ECLI:NL:CRVB:2013:1671
Centrale Raad van Beroep
- Hoger beroep
- Rechtspraak.nl
Afwijzing aanvraag erkenning als vervolgde onder de Wet uitkeringen vervolgingsslachtoffers 1940-1945
In deze zaak heeft de Centrale Raad van Beroep op 5 september 2013 uitspraak gedaan in het hoger beroep van een appellant die verzocht om erkenning als vervolgde in de zin van de Wet uitkeringen vervolgingsslachtoffers 1940-1945 (Wuv). De appellant had eerder een aanvraag ingediend, waarin hij stelde dat hij samen met zijn oudere broer tijdens de Japanse bezetting in het Halimoenkamp was geïnterneerd.

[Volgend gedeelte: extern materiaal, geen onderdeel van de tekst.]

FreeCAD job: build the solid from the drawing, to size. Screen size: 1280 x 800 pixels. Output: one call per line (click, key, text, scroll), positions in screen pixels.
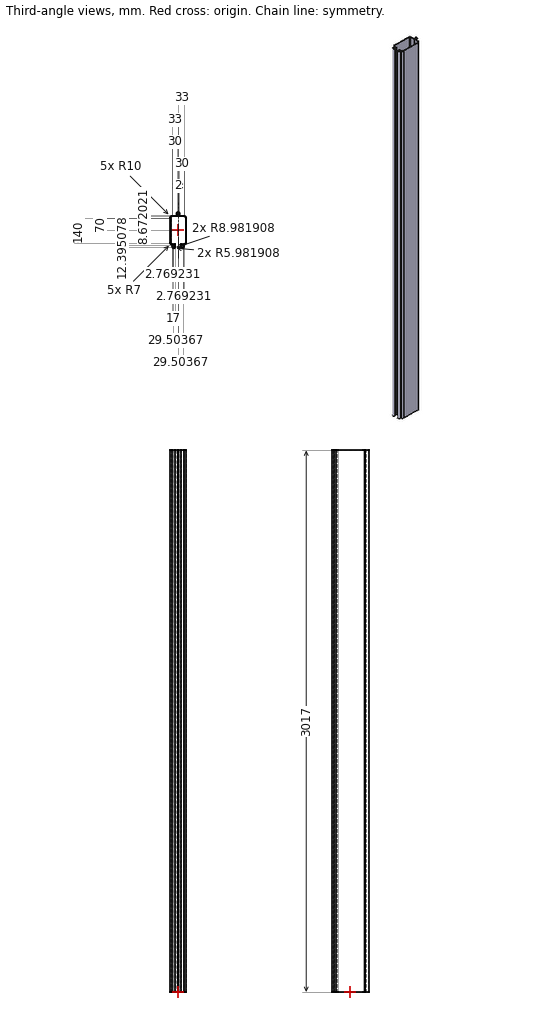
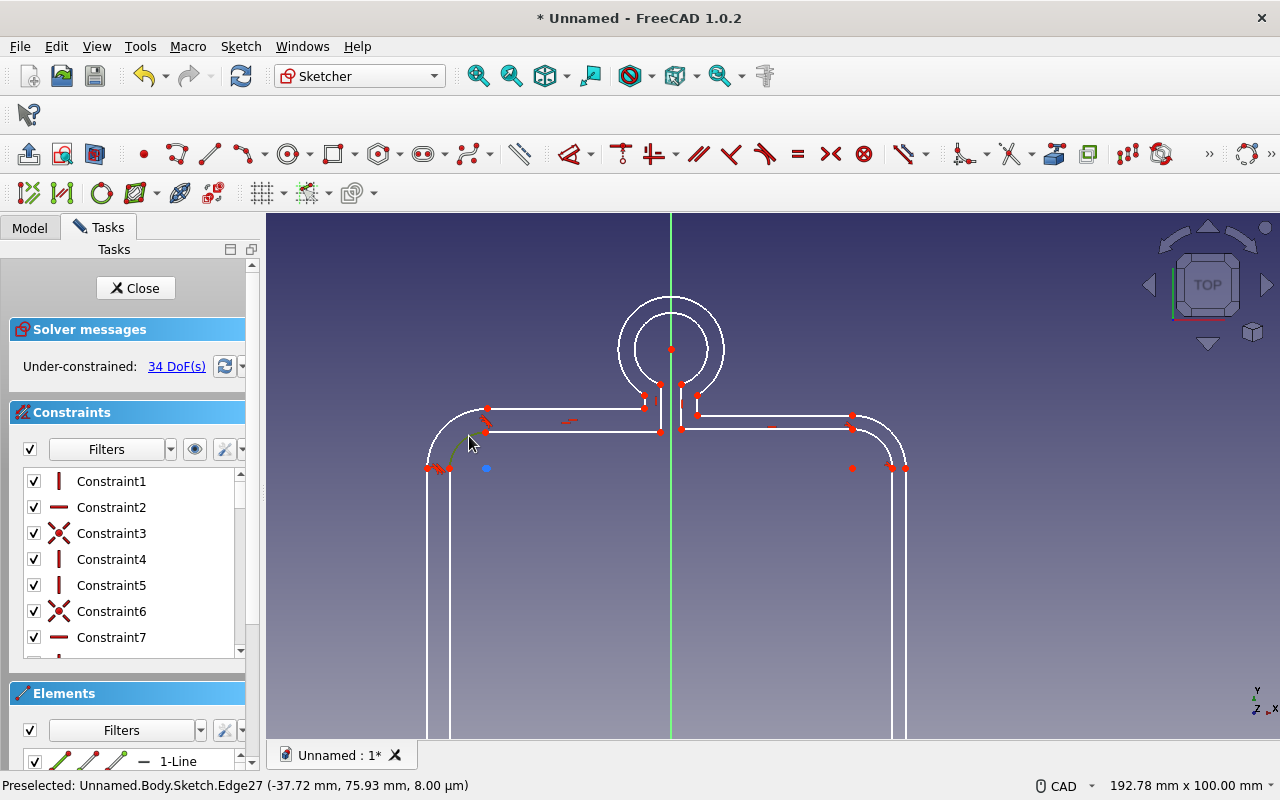
click(460, 416)

De aanvraag werd in eerste instantie afgewezen, omdat niet was komen vast te staan dat de appellant vervolging in de zin van de Wuv had ondergaan. Na een eerdere uitspraak van de Raad, waarin werd geoordeeld dat er onvoldoende bewijs was voor de internering, heeft de verweerder opnieuw het bezwaar van de appellant ongegrond verklaard.

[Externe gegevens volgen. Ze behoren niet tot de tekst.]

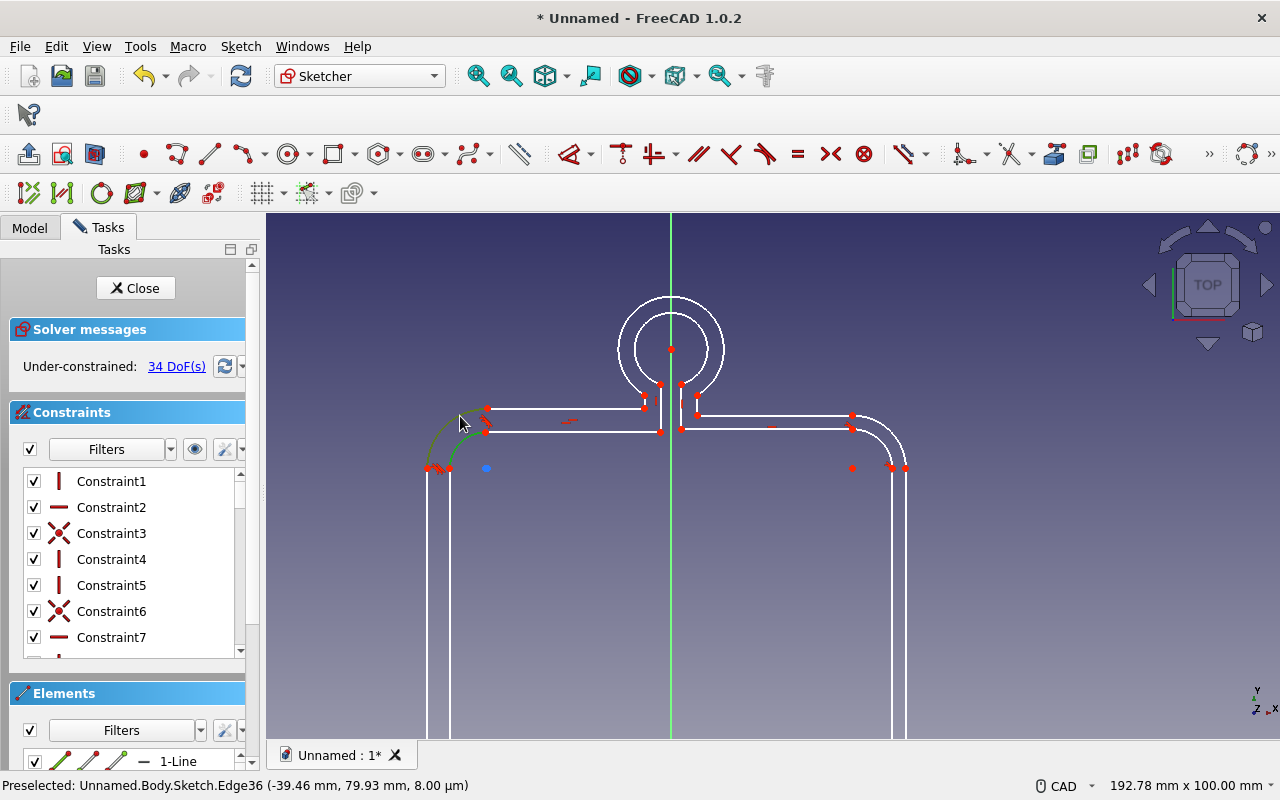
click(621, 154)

De Raad heeft vastgesteld dat het nadere onderzoek geen gegevens heeft opgeleverd die de stelling van de appellant ondersteunen. De verklaring van de schoonzuster van de appellant, die de internering bevestigde, werd niet als voldoende betrouwbaar beschouwd, omdat deze niet op eigen waarneming berustte. Ook de verklaringen van andere familieleden gaven geen bevestiging van de internering. De Raad concludeerde dat er geen objectieve bevestiging was voor de internering van de appellant in het Halimoenkamp, en dat de eerdere afwijzing van de aanvraag terecht was.
Uiteindelijk verklaarde de Centrale Raad van Beroep het beroep ongegrond, en er werd geen aanleiding gezien voor een proceskostenveroordeling. De uitspraak benadrukt het belang van objectief bewijs in zaken die betrekking hebben op erkenning als vervolgde onder de Wuv.